Boyd on God Sharing Our Pain

From Gregory Boyd’s book Letters from a Skeptic:

Thinking of the grandeur of the stars we had just been looking at, I was saying to myself “there must be a God.” But thinking of the nightmarish suffering of Auschwitz, I was saying to myself “there can’t be a God.” The two thoughts were battling with each other at hyperspeed. I was tormented.

Finally, just as I approached my car, I looked up to the sky and cried out with a loud, angry voice—“the only God I can believe in is one who knows firsthand what it’s like to be a Jewish child buried alive, and knows what it’s like to be a Jewish mother watching her child be buried!” And just then it occurred to me (or was it revealed?): that is EXACTLY the kind of God Christianity proclaims. There is no other belief which does this. Only the Gospel dares to proclaim that God enters smack-dab into the middle of the hell we create.

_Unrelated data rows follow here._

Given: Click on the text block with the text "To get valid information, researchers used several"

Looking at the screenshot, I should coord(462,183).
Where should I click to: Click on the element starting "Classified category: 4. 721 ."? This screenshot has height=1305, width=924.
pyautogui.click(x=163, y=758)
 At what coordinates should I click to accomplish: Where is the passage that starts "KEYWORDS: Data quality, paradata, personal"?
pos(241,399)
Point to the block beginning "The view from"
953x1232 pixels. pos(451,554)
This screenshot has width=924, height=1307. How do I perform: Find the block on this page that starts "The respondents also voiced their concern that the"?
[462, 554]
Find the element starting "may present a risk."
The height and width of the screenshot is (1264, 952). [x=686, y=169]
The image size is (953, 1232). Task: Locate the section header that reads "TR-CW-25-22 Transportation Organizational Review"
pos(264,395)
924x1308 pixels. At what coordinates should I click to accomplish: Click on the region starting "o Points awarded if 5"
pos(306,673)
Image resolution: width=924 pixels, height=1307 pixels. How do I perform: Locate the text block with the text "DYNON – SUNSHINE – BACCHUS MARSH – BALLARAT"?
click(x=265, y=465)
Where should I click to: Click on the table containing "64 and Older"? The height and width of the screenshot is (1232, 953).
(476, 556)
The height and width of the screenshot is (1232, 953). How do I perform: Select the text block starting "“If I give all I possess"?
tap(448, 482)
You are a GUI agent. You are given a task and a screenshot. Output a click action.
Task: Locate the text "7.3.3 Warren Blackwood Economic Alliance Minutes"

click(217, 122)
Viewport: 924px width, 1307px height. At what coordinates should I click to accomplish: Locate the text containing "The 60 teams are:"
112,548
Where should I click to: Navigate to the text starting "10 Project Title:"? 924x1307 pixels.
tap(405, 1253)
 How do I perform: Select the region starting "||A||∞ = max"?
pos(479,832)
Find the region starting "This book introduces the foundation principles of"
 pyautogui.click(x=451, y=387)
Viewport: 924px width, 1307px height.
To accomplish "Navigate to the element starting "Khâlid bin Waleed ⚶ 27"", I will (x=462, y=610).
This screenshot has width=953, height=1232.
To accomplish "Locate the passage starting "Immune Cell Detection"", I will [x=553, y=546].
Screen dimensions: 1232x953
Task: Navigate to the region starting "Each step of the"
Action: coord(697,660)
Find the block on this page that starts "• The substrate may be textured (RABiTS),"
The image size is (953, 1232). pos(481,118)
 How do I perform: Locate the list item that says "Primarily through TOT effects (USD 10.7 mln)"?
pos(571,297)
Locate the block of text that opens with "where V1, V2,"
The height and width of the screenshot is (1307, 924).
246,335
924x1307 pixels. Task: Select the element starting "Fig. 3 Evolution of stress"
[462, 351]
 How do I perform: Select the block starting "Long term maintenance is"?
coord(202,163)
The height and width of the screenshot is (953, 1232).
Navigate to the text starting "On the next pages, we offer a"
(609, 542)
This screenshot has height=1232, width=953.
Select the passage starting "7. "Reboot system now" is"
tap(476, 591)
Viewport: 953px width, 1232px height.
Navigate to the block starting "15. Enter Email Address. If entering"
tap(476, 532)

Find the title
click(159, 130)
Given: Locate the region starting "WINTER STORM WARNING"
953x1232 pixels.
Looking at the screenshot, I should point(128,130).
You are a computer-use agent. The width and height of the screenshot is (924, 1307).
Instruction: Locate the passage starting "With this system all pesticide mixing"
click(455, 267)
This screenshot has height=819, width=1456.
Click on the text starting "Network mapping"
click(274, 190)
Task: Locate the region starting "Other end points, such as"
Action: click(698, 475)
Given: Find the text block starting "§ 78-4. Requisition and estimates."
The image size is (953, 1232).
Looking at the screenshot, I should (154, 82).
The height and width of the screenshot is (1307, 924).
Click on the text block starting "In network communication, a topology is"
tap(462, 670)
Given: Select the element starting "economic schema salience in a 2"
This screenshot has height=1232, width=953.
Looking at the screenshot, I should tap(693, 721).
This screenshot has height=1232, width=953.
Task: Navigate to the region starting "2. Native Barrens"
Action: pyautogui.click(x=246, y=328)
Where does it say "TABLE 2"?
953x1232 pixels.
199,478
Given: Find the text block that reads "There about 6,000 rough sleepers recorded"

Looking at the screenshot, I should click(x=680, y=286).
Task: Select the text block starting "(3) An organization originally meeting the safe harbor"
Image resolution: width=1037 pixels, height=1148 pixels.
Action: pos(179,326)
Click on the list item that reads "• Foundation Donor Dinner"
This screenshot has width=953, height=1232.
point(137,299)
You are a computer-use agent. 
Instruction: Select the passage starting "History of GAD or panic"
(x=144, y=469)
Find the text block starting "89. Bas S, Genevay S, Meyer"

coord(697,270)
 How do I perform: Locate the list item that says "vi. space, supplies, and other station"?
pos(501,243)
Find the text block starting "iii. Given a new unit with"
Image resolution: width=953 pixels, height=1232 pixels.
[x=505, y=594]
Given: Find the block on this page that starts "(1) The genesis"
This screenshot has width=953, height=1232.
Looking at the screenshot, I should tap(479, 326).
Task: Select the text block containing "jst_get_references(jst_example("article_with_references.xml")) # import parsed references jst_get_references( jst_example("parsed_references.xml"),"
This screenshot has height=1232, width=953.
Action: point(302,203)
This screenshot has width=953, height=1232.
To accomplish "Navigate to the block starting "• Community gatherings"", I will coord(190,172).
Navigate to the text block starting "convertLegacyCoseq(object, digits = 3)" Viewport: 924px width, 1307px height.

Only the Gospel dare to proclaim that God was born a baby in a bloody, crap-filled stable, that He lived a life befriending the prostitutes and lepers no one else would befriend, and that He suffered, firsthand, the hellish depth of all that is nightmarish in human existence. Only the Gospel portrait of God makes sense of the contradictory fact that the world is at once so beautiful and so ugly.